Tarihsel olarak İran, Azerbaycan, Horasan ve Fars eyaletlerinden oluşmaktaydı.
Azerbaycan Cumhuriyeti, İran İslam Cumhuriyeti ile ilişkilerini normalleştirmekle her zaman ilgilenmiştir. Bu, yalnızca bu ülkenin milyonlarca yerel sakininin Azerbaycan Türkü olmasından değil, aynı zamanda Azerbaycan'ın İran'a komşu olması ve tarihi bağlara sahip olmasından da kaynaklanmaktadır. Komşularla barış içinde bir arada yaşamak, devletlerin çıkarları açısından önemlidir.
Bir zamanlar Batı Azerbaycan'ın tarihi topraklarında yaşayan Ermeniler, nankörlük ederek komşularına ihanet ettiler.
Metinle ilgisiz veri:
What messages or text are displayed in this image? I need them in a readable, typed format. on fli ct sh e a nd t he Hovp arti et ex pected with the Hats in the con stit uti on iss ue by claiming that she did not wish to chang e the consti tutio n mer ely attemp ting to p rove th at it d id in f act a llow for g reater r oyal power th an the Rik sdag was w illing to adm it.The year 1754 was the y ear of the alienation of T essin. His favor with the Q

Yabancı ülkelere (ABD, Rusya, Avrupa, İran) güvenerek bölgede işgalci oldular ve bir gerginlik kaynağı yarattılar.
Azerbaycan hükümeti, komşularıyla her zaman barış içinde bir arada yaşama ilkesine bağlı kalmıştır ve komşu Gürcistan ile ilişkiler buna bir örnektir.
Azerbaycan'ın tarihi topraklarının Ermeni faşist işgalinden kurtarılmasının ardından İran'ın bölgesel stratejisi çöktü, çünkü Tahran son 30 yıldır Ermenistan'ın destekçisiydi. Azerbaycan'ın tarihi Karabağ topraklarını işgalden kurtarmasının ardından, yeni koşullar İran'ın Fars-molla rejimini "endişelendirmeye" başladı ve İran'ın kendi "oyun kurallarına" göre hareket etmesini zorlaştırdı. Buna karşılık, İran'daki şovenist çevreler bölgedeki yeni koşullara karşı olduklarını dile getirmeye başladı.
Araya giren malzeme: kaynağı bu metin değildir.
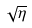<formula> <loc_0><loc_0><loc_500><loc_500>\sqrt { \eta }</formula> 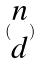<formula> <loc_0><loc_0><loc_500><loc_500>( \begin{matrix} n \\ d \end{matrix} )</formula> 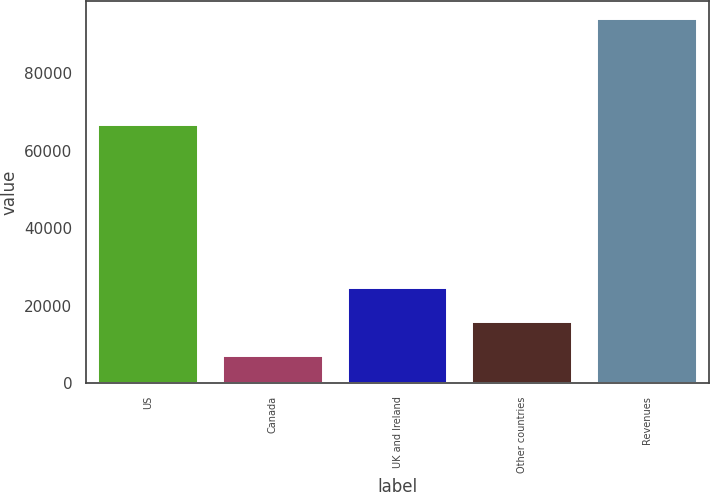Convert chart. <chart><loc_0><loc_0><loc_500><loc_500><bar_chart><fcel>US<fcel>Canada<fcel>UK and Ireland<fcel>Other countries<fcel>Revenues<nl><fcel>66614<fcel>7039<fcel>24427.2<fcel>15733.1<fcel>93980<nl></chart>

Azerbaycan'ın Vatan Savaşı'nda faşist-işgalci Ermenistan'ı ağır bir yenilgiye uğratması, yalnızca Uluslararası Emperyalizmi (ABD, Rusya, Fransa) ve özellikle de kendilerine hizmet eden İran'ı yenmek anlamına gelmiyordu. Üç ülkenin (Türkiye, Rusya, İran) liderlerinin "Tahran 2022" toplantısında yaptığı resmi görüşmede, İran'ın Yüce Lideri endişelerini dile getirdi, işgalci Ermenistan'ı resmen savundu ve "Zangezur" koridoru meselesine karşı çıkacaklarını belirtti. Ermenistan hükümeti bölgeyi normalleştirme çabalarına rağmen, İran'ın yeni bir bölgesel dengenin oluşmasını kabul etmek istemediği anlaşılıyor. Görünüşe göre İran, Güney Kafkasya'da Ermenistan'dan daha fazla kayıp vermiş. Nedense İran'ın "kırmızı" çizgisi, "Trump Yolu" adı altında 99 yıllığına ABD'ye kiralanan Zangezur Koridoru konusunda arka plana itilmiş durumda. Nitekim İran, "Zangezur Koridoru"nun açılmasına defalarca karşı çıkmış ve hatta bunu "kırmızı çizgisi" ilan etmiştir.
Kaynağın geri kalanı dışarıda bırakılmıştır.